The job of Leveled compaction strategy is to maintain this structure while keeping L0 empty:

• When we have enough (e.g., 4) sstables in L0, we compact them into L1.
  We do this by compacting all the sstables in L0 together with all the sstables in L1. The result of this compaction is a new run (large sstable split by our chosen size limit, by default 160 MB) which we put in L1, replacing the entire content of L1.
• The new run in L1 may have more than the desired 10 sstables. If that happens, we pick one sstable from L1 and compact it into L2:
• A single sstable in L1 is part of a run of 10 files. The whole run covers the entire token range, which means that the single sstable we chose covers roughly 1/10th of the token range. At the same time, each of the L2 sstables covers roughly 1/100th of the token range. So the single L1 sstable we are compacting will overlap around 10 of the L2 sstables.
• So what we do is to take the single L1 sstable and the roughly 10 L2 sstables which overlap its token range, and compact those together – as usual splitting the result into small sstables. We replace the input sstables with the compaction results, putting the results in L2 (note that L2 remains a single run).
• After we compacted a table from L1 into L2, now L2 may have more than the desired number of sstables, so we compact sstables from L2 into L3. Again, this involves compacting one sstable from L2 and about 10 sstables from L3.
  And so on.

总结：针对Leveled Compaction Strategy，引入runs的概念。一个run包含多个小sstable。每次merge为一个run和另外一个run之间的操作。为了优化merge操作，merge的时候选择一个sstable和下一层的对应key range的T个sstable进行merge。

Fence Pointer
All major LSM-tree based key-value stores index the first key of every block of every run in main memory. These are called fence pointers. The fence pointers take up O(N/B) space in main memory, and they enable a lookup to find the relevant key-range at every run with one I/O.

Bloom Filters
Objective: speed up the point lookups. Each run has a Bloom filter in main memory.
A Bloom Filter is a space-efficient probabilistic data structure used to answer set membership queries.
The false positive rate (FPR) depends on the ratio between the number of bits allocated to the filter and the number of entries in the set.

A point lookup probes a Bloom filter before accessing the corresponding run in storage.
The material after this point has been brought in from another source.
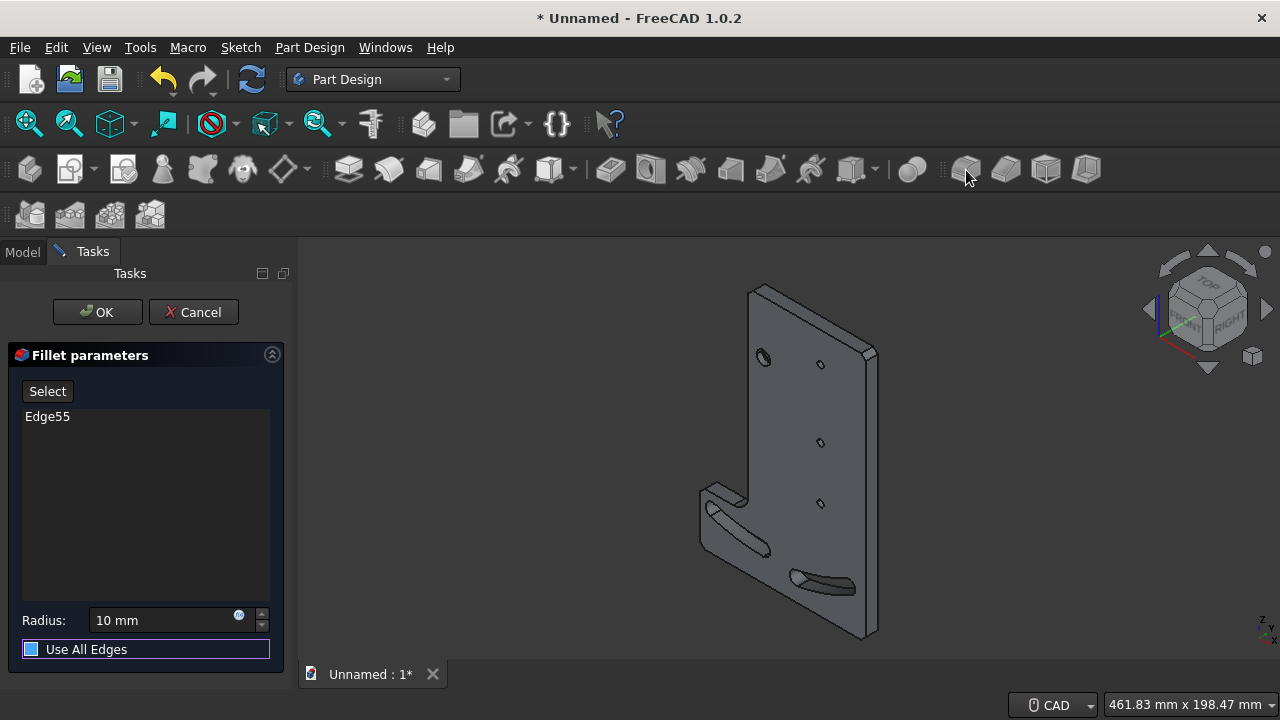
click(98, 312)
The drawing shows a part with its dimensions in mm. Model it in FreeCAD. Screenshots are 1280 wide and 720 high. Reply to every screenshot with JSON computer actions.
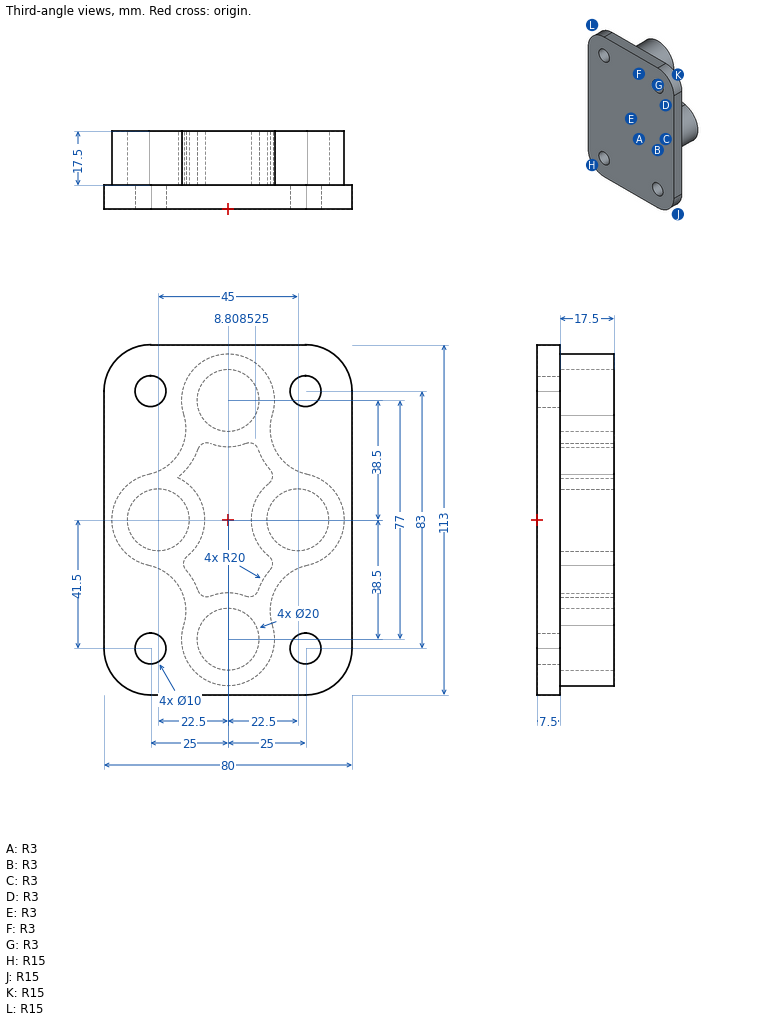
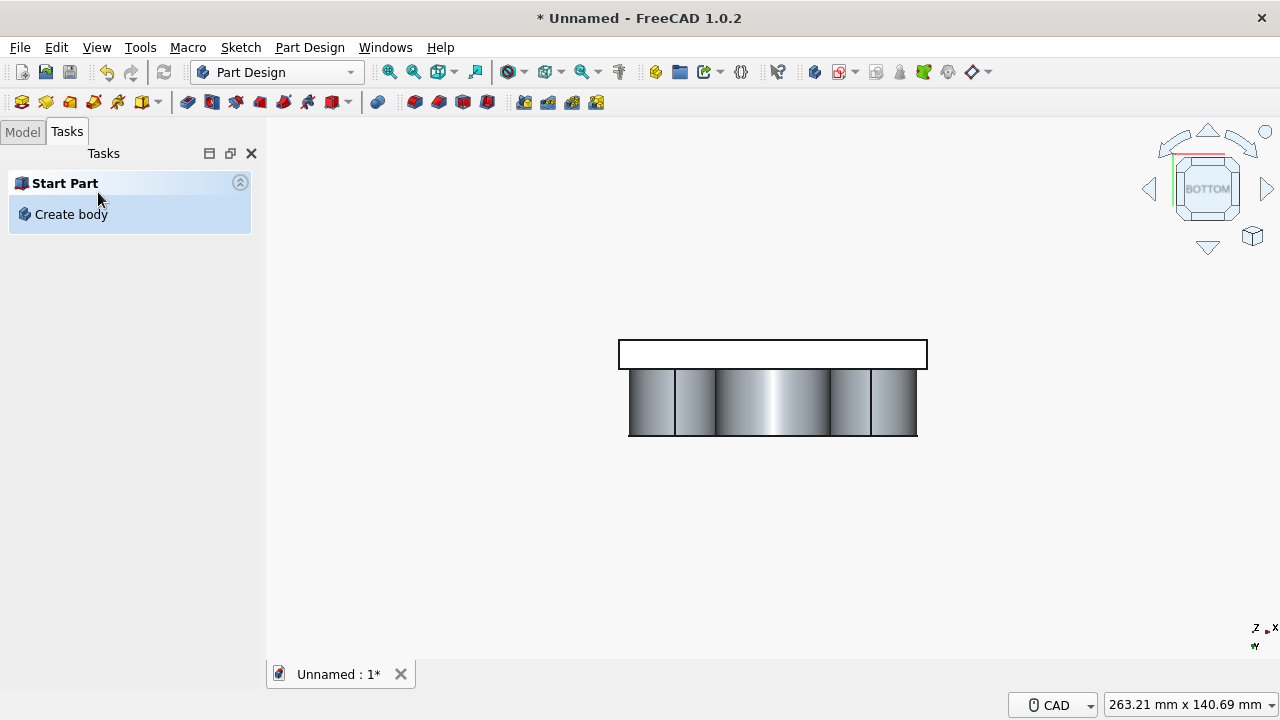
{"action": "key", "text": "4"}

If the filter returns a true positive, the lookup access the run with one I/O (using the fence pointers), finds the matching entry and terminates.
If the filter returns a negative, the lookup skips the run thereby saving one I/O.
Otherwise, we have a false positive, meaning the lookup wastes one I/O by accessing the run, not finding a matching entry, and having to continue searching for the target key in the next run.
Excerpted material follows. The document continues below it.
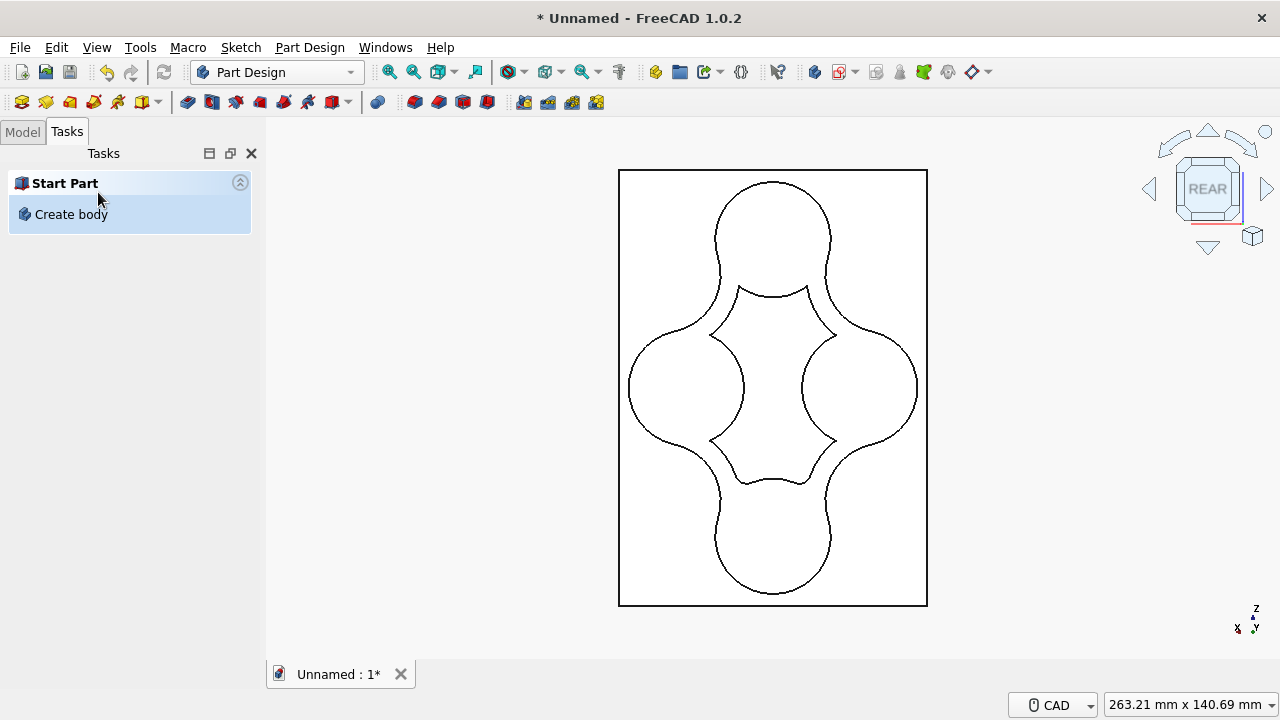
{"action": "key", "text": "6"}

Design Space and Problem Analysis

Analysis: worse-case space-amplification and I/O costs of updates and lookups.

• merge policy
• size ratio

Note:

• In key-value stores in industry, the number of bits per entry for Bloom Filters across all levels is the same. Therefore, the Bloom Filters at the largest level are larger than the filters at all smaller levels combines.
• The FPR at the largest level is upper bounded to O(e^{-M/N}), where M is the memory budget for all filters and N is the number of entries in the system.